To identify networks of interacting proteins that were preferentially altered in cancers, we analyzed the predicted interactions of mutated proteins in each tumor type (Fig. 3>; Supplemental Figs. 3, 4). In breast cancers, over half of the mutated proteins (59 of 83) were predicted to participate in a large interaction cluster driven by links to TP53, BRCA1, PIK3R1, and NFKB. In contrast, the largest interaction cluster in colorectal cancers involved SMAD proteins and contained only 12 proteins, and the only cluster containing more than five proteins included TP53. These analyses emphasize how mutation studies coupled with systems analysis can provide information useful for understanding the pathways through which the mutant proteins function. For example, the mutation interactome highlighted three interacting SMAD proteins in colorectal cancers and a cluster of circadian rhythm proteins (PER1, PER2, and TIMELESS) in breast cancers. The proteins encoded by the latter three genes are thought to control cell cycle progression, and genetic inactivation of one of the genes (Per2) has been shown to lead to tumor predisposition in mice (Fu et al. 2002; Chen et al. 2005; Lee 2006).

Figure 3.

Figure 3.

Interaction among proteins mutated in breast and colorectal cancers. Each node represents a mutated protein that is colored according to Cancer Mutation Prevalence (CaMP) Score, and each line represents an interaction confidence. CAN-genes identified by Sjöblom et al. (2006) have a CaMP score >1 and are colored in orange and red. The genes are placed within cellular compartments as annotated in Gene Ontology.

Molecular pathways

Pathways can be defined as the stepwise interaction of multiple proteins designed to achieve a defined cellular process. A variety of signaling, metabolic, and other pathways have been cataloged by the Kyoto Encylopedia of Genes and Genomes (KEGG) (Ogata et al. 1999), the iPATH (http://escience.invitrogen.com/ipath/), BioCarta (http://www.biocarta.com/), and sigPathways (Tian et al. 2005) databases. To determine whether certain pathways may be preferentially targeted by genetic alterations in human cancer, we compared the genes found to be mutated in Sjöblom et al. (2006) to the constituents of the 825 pathways contained in these four sources. We then determined whether the number of mutations and the distribution of CaMP scores within each pathway is statistically significant using Group CaMP and CaMP GSEA methods. The intersections of the two methods for the four different databases are shown in Figure 4.

Figure 4.

Figure 4.

Comparison of mutation enrichment in cellular pathways using complementary statistical approaches. Venn diagrams show the number of pathways identified from four different databases in breast (left) and colorectal cancers (right) using CaMP GSEA and Group CaMP approaches. Each circle represents one pathway and is colored according to the database it belongs to. Pathways that were enriched for mutations and which were filtered for an increase in the number of genes using the χ2 test are shown in tan or pink. Blue and dark tan areas represent pathways that were excluded using the χ2 filter (for additional details, see Methods).

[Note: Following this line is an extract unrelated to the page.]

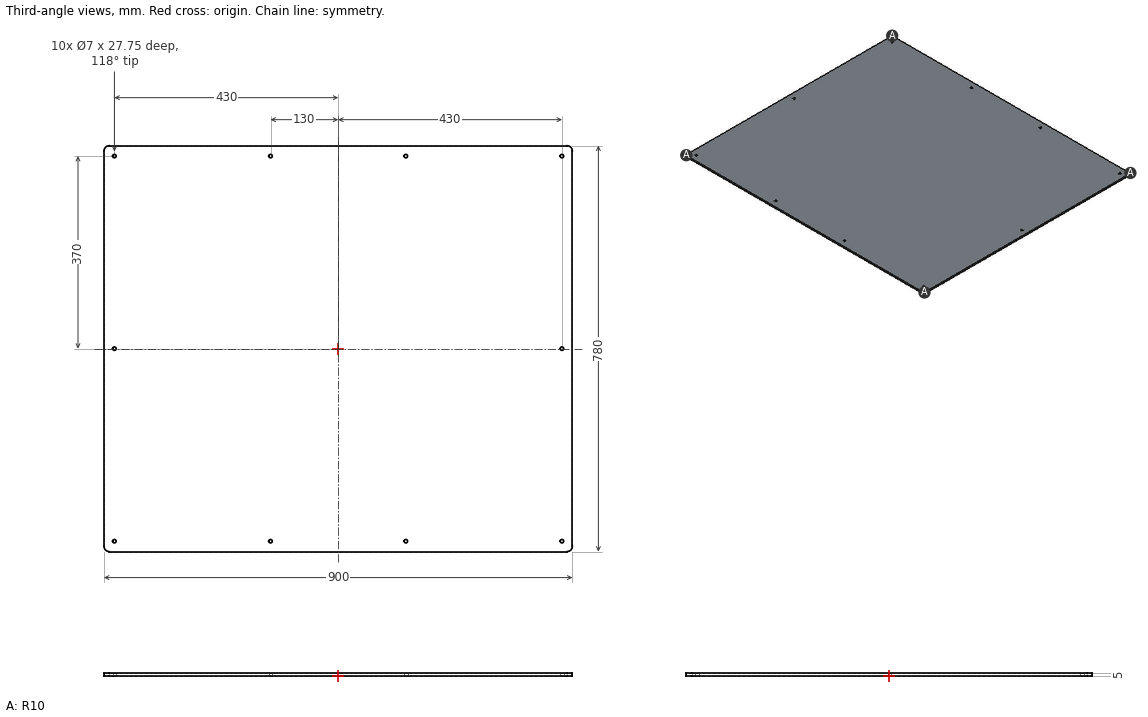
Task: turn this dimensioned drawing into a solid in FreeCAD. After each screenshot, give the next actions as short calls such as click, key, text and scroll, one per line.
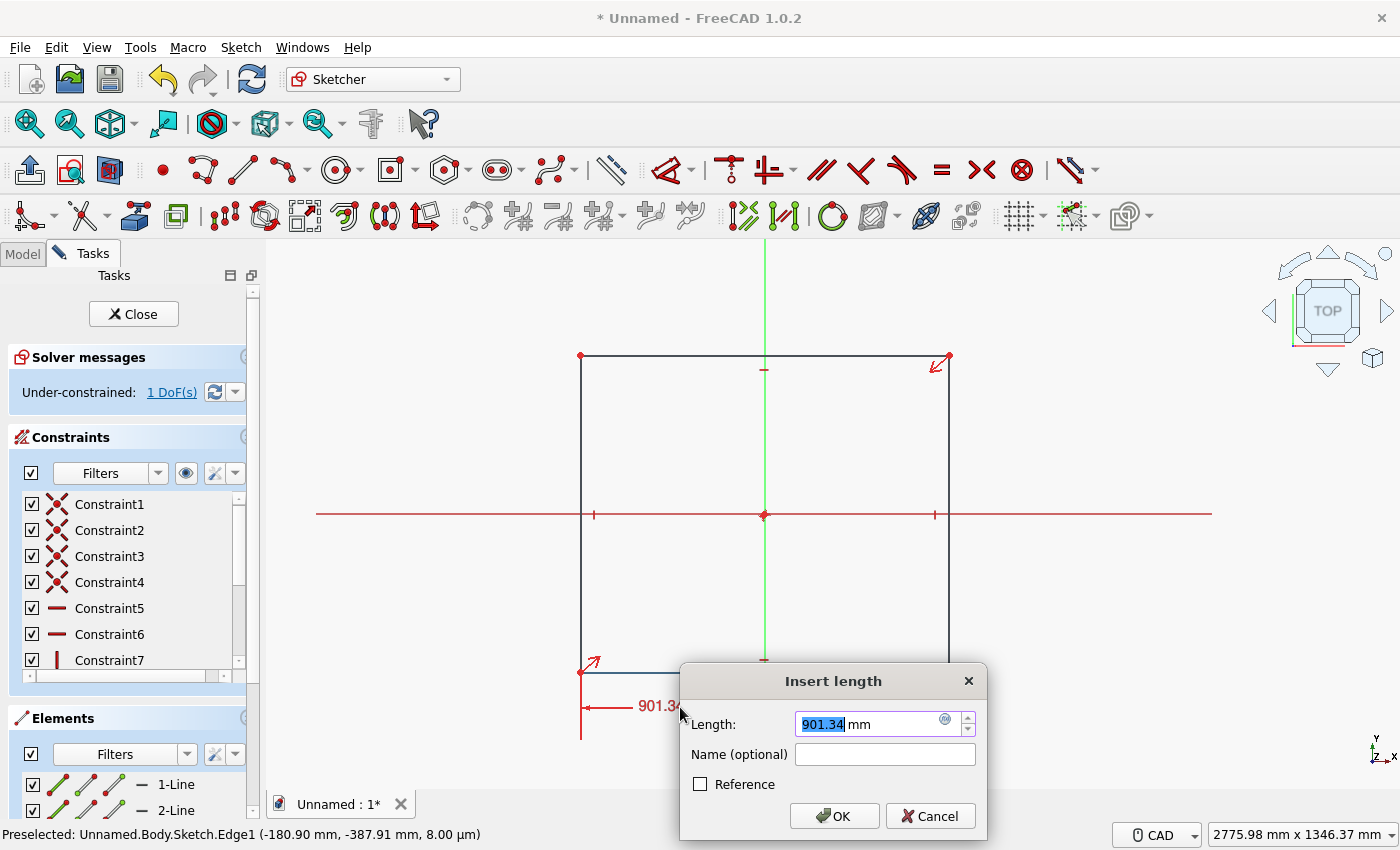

In colorectal cancer, 21 pathways were identified to be enriched for mutations from the different pathway databases (Table 3; Supplemental Table 3). Two pathways previously implicated in colorectal tumorigenesis were identified in multiple databases; TGF-beta signaling was identified in three databases and WNT signaling in two. Other signaling pathways contributing to tumorigenesis were also identified, including Insulin signaling, JAK/STAT signaling, MAP kinase signaling, and hedgehog signaling pathways. Two pathways identified were related to the cell cycle and the G1/S and G2/M checkpoints. Finally, genes in pathways thought to be important in controlling cell–cell interactions (axon guidance, adherens junctions, and gap junctions) were preferentially mutated in colorectal cancers.

Table 3.

Cellular pathways identified through mutation enrichment analysis

graphic file with name 1304tbl3.jpg

aPathways wth Group CaMP scores or CaMP GSEA scores >1 were considered significant. The false discovery rates for each of these approaches is estimated to be 10% (for details, see Methods).

bThe composite score was determined to be the product of the sum of the Group CaMP and CaMP GSEA scores and the fold change of the gene enrichment.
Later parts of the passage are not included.